Weapons of Math Destruction: How Big Data Increases Inequality & Threatens Democracy



Longlisted for the National Book Award | New York Times Bestseller


A former Wall Street quant sounds an alarm on the mathematical models that pervade modern life & threaten to rip apart our social fabric.

We live in the age of the algorithm. Increasingly, the decisions that affect our lives-where we go to school, whether we get a car loan, how much we pay for health insurance-are being made not by humans, but by mathematical models. In theory, this should lead to greater fairness: Everyone is judged according to the same rules, & bias is eliminated.


But as Cathy O'Neil reveals in this urgent & necessary book, the opposite is true. The models being used today are opaque, unregulated, & uncontestable, even when they're wrong. Most troubling, they reinforce discrimination: If a poor student can't get a loan because a lending model deems him too risky (by virtue of his zip code), he's then cut off from the kind of education that could pull him out of poverty, & a vicious spiral ensues. Models are propping up the lucky & punishing the downtrodden, creating a toxic cocktail for democracy. Welcome to the dark side of Big Data.

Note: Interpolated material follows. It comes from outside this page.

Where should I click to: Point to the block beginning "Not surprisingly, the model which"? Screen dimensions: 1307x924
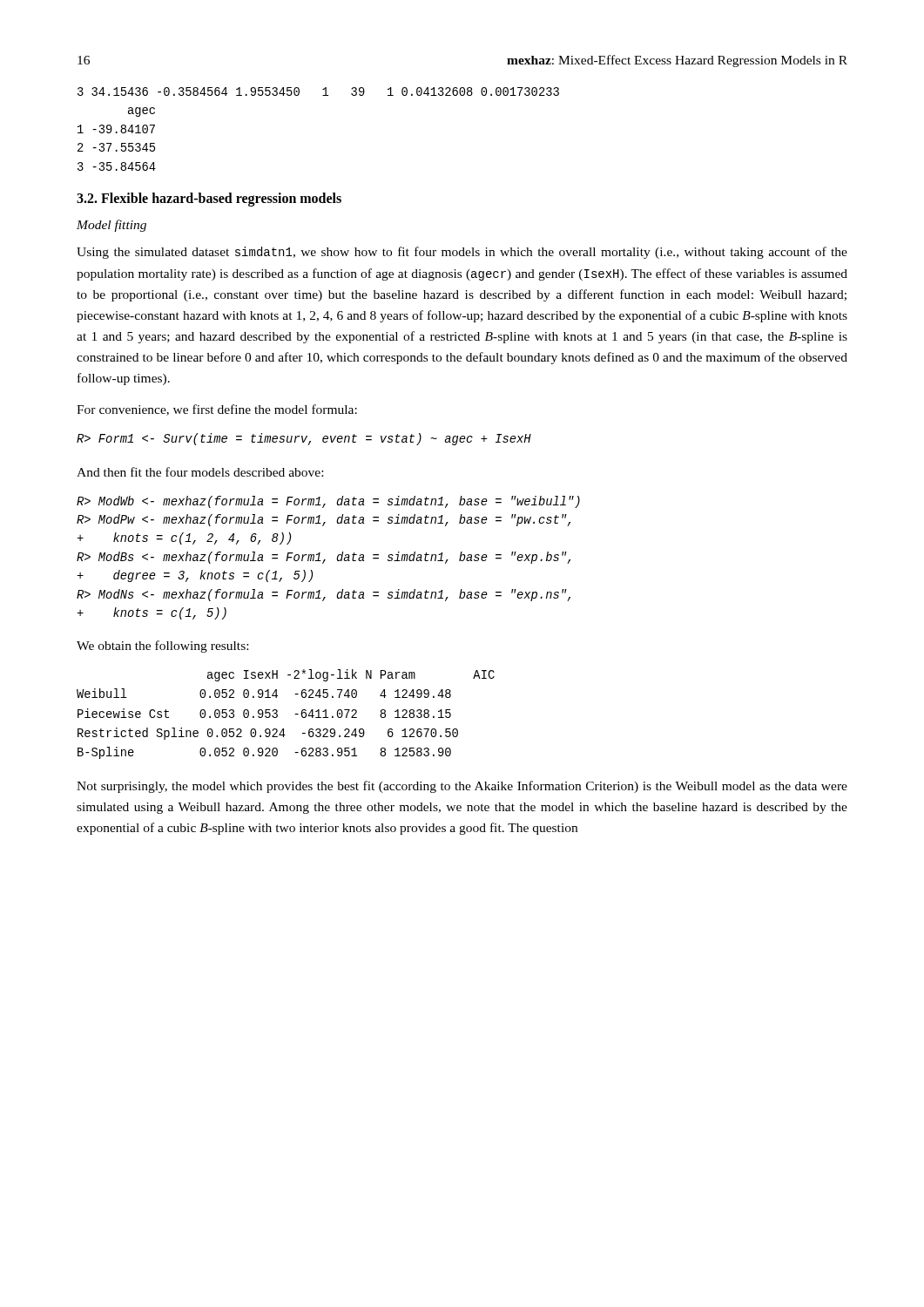[462, 807]

Tracing the arc of a person's life, O'Neil exposes the black box models that shape our future, both as individuals & as a society. These weapons of math destruction score teachers & students, sort rsums, grant (or deny) loans, evaluate workers, target voters, set parole, & monitor our health.

O'Neil calls on modelers to take more responsibility for their algorithms & on policy makers to regulate their use. But in the end, it's up to us to become more savvy about the models that govern our lives. This important book empowers us to ask the tough questions, uncover the truth, & demand change.